Essentially the same reasoning works for A ≡ ∃S. Allocate_Simple c S: if allocation to a client c is enabled then c must be unsatisfied, and we showed that every client is eventually completely satisfied, so there’s an action which satisfies id<$unsat,#c> ≠ #{} ∧ id<unsat$,#c> = #{}, which by looking at the possible actions in SchedulingAllocator must be an Allocate action which satisfies the specification of Allocate_Simple as required.

It follows that

⊢ SchedulingAllocator ⟶ SimpleAllocator

as desired.

Conclusion

The SchedulingAllocator feels like a more realistic example of a specification, containing nontrivial nondeterminism and more intricate interactions between the various actors. As specifications get more complex, the direct approach to proofs starts to break down, since it involves some duplication of effort which the proof automation finds increasingly difficult to cut through.

Factoring out this duplicated work into separate lemmas worked well here. In particular, the square_Next_cases lemma was invaluable in all the places where we needed to consider all the different actions that could take place. Similarly, giving a name to the “inductor” allowed us to prove useful properties to support the various cases within the induction.
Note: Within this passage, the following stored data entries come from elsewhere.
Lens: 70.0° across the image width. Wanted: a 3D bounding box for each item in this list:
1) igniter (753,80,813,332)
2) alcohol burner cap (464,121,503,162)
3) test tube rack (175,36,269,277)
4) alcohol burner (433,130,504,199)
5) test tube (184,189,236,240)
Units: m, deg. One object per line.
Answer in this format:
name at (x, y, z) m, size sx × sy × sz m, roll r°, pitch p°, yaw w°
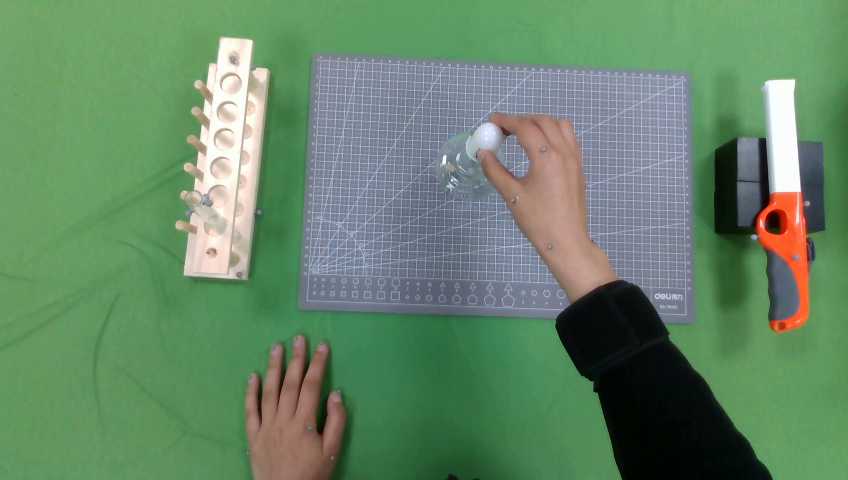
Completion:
igniter at (0.387, -0.039, 0.657) m, size 0.057 × 0.025 × 0.275 m, roll 1°, pitch 82°, yaw 9°
alcohol burner cap at (0.058, -0.096, 0.576) m, size 0.034 × 0.048 × 0.033 m, roll 2°, pitch 79°, yaw -9°
test tube rack at (-0.220, -0.085, 0.647) m, size 0.067 × 0.085 × 0.241 m, roll 5°, pitch 83°, yaw -2°
alcohol burner at (0.049, -0.084, 0.645) m, size 0.078 × 0.119 × 0.077 m, roll 0°, pitch 84°, yaw -2°
test tube at (-0.205, -0.022, 0.590) m, size 0.017 × 0.150 × 0.017 m, roll 1°, pitch 78°, yaw -5°

Showing a refinement relationship involves proving various fairness properties, which are really just special kinds of liveness property since they say that under certain conditions certain things eventually occur. In this case the specification satisfied some very strong fairness properties: if the actions in question were eventually enabled, even once, then they eventually occurred. Comparing to weak and strong fairness, very strong fairness looks a little like this:

  WF_def:  "⋀v. TEMP  WF(A)_v  ==  TEMP ◇□ Enabled(<A>_v) ⟶ □◇<A>_v" 
  SF_def:  "⋀v. TEMP  SF(A)_v  ==  TEMP □◇ Enabled(<A>_v) ⟶ □◇<A>_v"
  VSF_def: "⋀v. TEMP VSF(A)_v  ==  TEMP  ◇ Enabled(<A>_v) ⟶  ◇<A>_v"

It seemed simpler that we could show very strong fairness, rather than needing to show the weaker properties directly. It’ll be interesting to think about situations where very strong fairness doesn’t hold, as it seems like quite a common property to have.

It was interesting to discover imp_unstable_leadsto_change, a kind of discrete analogue of the intermediate value theorem which allowed us to get hold of the pair of adjacent states at which a particular transition occurred, simply from evidence that the transition had occurred at some point.

Locales were useful for limiting the scope of each specification, and Isabelle’s flexible mechanism for importing locales meant it was possible to combine the two specifications together in order to compare them, even though there were name collisions and conflicting definitions. Unfortunately I’m not sure that you can do advanced things like variable hiding (modelled in TLA via temporal existential quantification) using this mechanism, but it worked well here.